The Second Amendment was written to protect citizens again tyrannical governments. It shouldn’t be taken away. I believe it was made with the intent to empower citizens to have the same strength as armies, which I think is a great idea; yet, it was written when you had to prime a weapon for a whole minute before you could fire. If we applied that Revolutionary War logic to even the Civil War, all citizens should be able to have fully automatic weapons. If we apply it to World War II, citizens should have nukes. Obviously, enabling citizens to do mass damage is not a good idea. Many think that it’s a bad idea to even have semi-automatics that just chamber a single round after one is fired (which is about one per second, and the faster you shoot, the less accurate you get).
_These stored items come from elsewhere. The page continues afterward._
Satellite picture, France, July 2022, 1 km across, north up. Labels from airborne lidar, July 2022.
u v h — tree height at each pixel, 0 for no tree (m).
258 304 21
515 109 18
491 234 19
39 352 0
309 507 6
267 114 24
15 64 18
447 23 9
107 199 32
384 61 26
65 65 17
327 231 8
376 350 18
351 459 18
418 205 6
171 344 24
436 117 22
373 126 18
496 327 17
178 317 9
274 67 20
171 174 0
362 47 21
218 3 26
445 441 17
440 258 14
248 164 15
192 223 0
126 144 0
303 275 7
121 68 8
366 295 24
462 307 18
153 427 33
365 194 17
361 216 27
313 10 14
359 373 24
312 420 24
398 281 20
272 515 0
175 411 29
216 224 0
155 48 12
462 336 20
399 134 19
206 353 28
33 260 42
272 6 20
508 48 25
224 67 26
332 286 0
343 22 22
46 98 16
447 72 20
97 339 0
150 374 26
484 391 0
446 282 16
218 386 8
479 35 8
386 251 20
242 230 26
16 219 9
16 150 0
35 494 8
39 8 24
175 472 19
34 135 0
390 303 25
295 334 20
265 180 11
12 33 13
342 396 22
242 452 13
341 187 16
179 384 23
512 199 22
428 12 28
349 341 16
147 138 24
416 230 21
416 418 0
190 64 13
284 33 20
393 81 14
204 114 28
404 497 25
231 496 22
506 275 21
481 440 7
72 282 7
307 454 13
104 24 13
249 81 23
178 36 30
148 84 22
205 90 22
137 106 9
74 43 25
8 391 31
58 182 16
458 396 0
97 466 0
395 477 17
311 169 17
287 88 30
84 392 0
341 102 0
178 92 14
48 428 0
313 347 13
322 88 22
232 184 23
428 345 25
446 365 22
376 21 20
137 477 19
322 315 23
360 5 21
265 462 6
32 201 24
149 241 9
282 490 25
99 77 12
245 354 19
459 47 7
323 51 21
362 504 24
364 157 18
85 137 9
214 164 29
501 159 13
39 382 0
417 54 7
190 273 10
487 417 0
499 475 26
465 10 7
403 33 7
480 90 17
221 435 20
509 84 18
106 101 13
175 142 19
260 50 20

So what should be the compromise? It’s hard to say. I think that the shear number of firearms we have as Americans, which is about eight for every ten people, is enough to scare off any tyrant or invading force. But what do we do about mass shootings?
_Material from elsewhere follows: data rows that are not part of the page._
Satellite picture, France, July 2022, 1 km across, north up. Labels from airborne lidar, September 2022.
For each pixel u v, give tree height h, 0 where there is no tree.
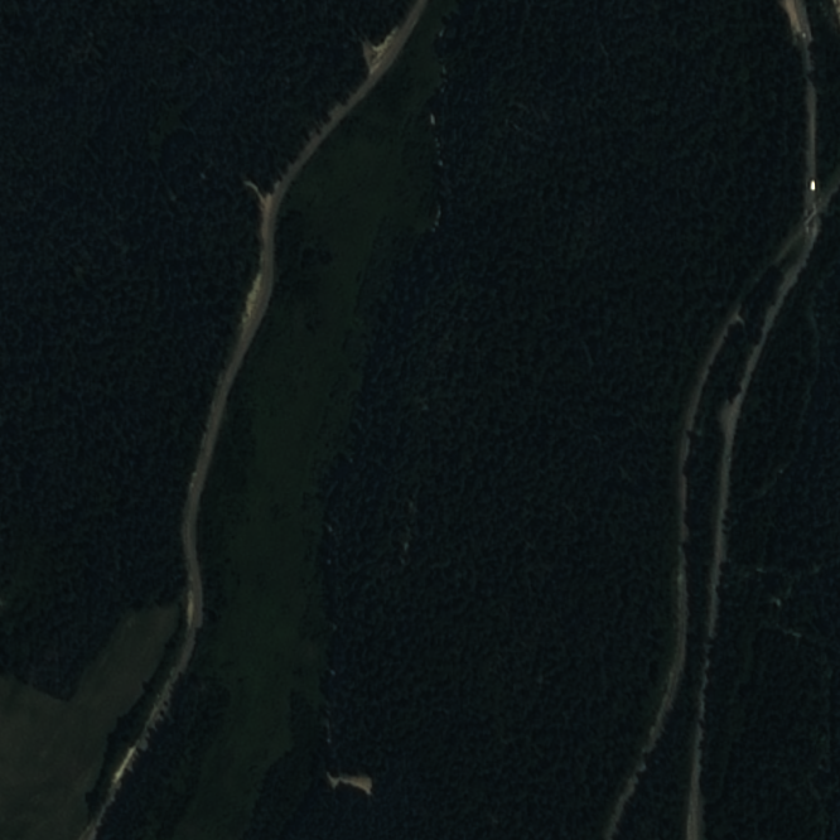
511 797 16
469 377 22
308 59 20
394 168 0
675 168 18
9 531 15
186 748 8
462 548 23
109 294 22
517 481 20
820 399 26
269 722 0
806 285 14
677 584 9
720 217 32
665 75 19
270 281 0
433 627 18
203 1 15
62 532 29
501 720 19
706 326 16
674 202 24
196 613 0
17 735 0
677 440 11
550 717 22
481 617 24
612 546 19
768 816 24
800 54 21
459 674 16
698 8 23
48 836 0
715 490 12
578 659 22
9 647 29
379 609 22
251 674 0
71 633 0
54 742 0
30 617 25
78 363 6
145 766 23
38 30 35
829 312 14
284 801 10
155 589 28
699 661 16
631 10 24
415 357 18
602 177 13
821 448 28
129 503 21
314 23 22
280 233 10
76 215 40
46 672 0
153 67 25
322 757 6
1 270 39
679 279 13
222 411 0
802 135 14
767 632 15
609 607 21
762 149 26
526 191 15
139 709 7
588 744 22
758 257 23
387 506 22
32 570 22
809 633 24
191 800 8
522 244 18
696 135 25
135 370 28
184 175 30
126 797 22
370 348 15
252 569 0
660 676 6
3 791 0
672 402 21
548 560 23
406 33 0
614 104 19
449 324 17
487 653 22
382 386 20
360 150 0
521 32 18
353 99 0
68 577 29
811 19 9
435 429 16
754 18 38
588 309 24
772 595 17
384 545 19
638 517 20
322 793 24
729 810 13
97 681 0
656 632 28
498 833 16
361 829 22
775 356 11
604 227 13
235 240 13
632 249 23
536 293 25
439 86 0
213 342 13
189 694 24
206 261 24
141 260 30
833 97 12
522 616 14
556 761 21
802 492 25
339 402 6
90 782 0
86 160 32
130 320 18
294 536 0
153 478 31
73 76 31
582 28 14
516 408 23
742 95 32
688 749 17
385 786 23
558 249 18
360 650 23
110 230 38
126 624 0
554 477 20
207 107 29
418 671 18
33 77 39
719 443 11
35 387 21
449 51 22
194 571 0
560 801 21
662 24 23
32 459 15
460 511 18
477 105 21
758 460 6
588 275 19
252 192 5
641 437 25
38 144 34
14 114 39
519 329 25
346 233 0
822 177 13
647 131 21
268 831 17
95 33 30
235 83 30
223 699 8
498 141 13
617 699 19
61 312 26
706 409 13
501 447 14
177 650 7
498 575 25
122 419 38
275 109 16
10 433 33
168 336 23
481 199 24
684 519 0
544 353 25
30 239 40
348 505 20
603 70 26
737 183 21
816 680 36
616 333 24
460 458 20
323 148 8
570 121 17
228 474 7
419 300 19
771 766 21
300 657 0
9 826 0
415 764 19
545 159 19
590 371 29
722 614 15
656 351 19
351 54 28
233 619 0
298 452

  • Part of the problem with rampage shooters is that anywhere people gather is bait. Some are random, like the Batman gunman, and some are very specific, like the Oregon college shooter who shot other students for their religion. So, two-fold the solution goes: privatize the crap out of education—liquidate the Department of Education and leave kids to be homeschooled, community schooled, or charter schooled. Not only would they be divided from crowds, remove the anonymity of large classes, but parents would elect what kind of security their kids would have. Higher education should follow suit, and employ roving security guards on their campi.
  • People are very divided about guns, and thus some have no respective skill or acumen. Many times, mass shootings take place where people are unarmed, and some of the people in the area, or any area for that matter, would like to be concealed/open carrying, but don’t because they don’t know a thing about firearms. I think the public would be safer not just with more people who have been armed, but with more people who understand weapons. Why couldn’t firearms safety be required in school just like STEM or liberal arts subjects? A conflict resolution discipline that advances in complexity with each grade, which covers verbal resolution, hand-to-hand, weapons-based, and even geo-political. I mean, I don’t like federalized education, but if homeschool and charter schools didn’t work, maybe this? How can we compel everyone to do this? This is wrong to force people to learn about something they may fundamentally disagree! We already do it with sexual education. Many people, conservative or liberal, don’t like that their kids are taught sexuality but still send their kids to school. And can you argue that a kid taught about sex and chooses to abstain is worse off than a kid who isn’t but sees much about it in the media? I think the same applies to kids and guns. Yes, this could very well be like the DARE program, and just make kids curious, and yes, this will be propagandized like sex ed, and I’m sure that similarly parents will have to redirect and correct their children. But it’s better than a culture of fear towards guns.
  • A DMV like process for firearms. Cool your jets: I don’t mean that you have to have a license to own, I mean that you have to have a certification, and that’s it. It would be like Selective Service, and you just to have to pass the test and then go on your merry way. It would be open to anyone six years old and up. Just like driving a car, which is way more common and dangerous than a firearm, you would need to study or take a course, and then pass a written exam as well as a physical test. I don’t think this is far off from Sweden compulsory military servitude, since they train all their citizens and then allow them to keep their issued firearms in their home. The difference would be that US citizens wouldn’t be issued anything, they would just be trained. You don’t have to have a gun, you just need to know how to use one.

I’m rushed to finish this. I’ll likely edit it later. Forgive the typos and grammatical errors.

For my own benefit and yours, here are more links to relevant articles.

I recently saw a pithy epithet: “Armed sheep aren’t sheepdogs. They’re sheep with guns.” Unfortunately, it’s unattributed.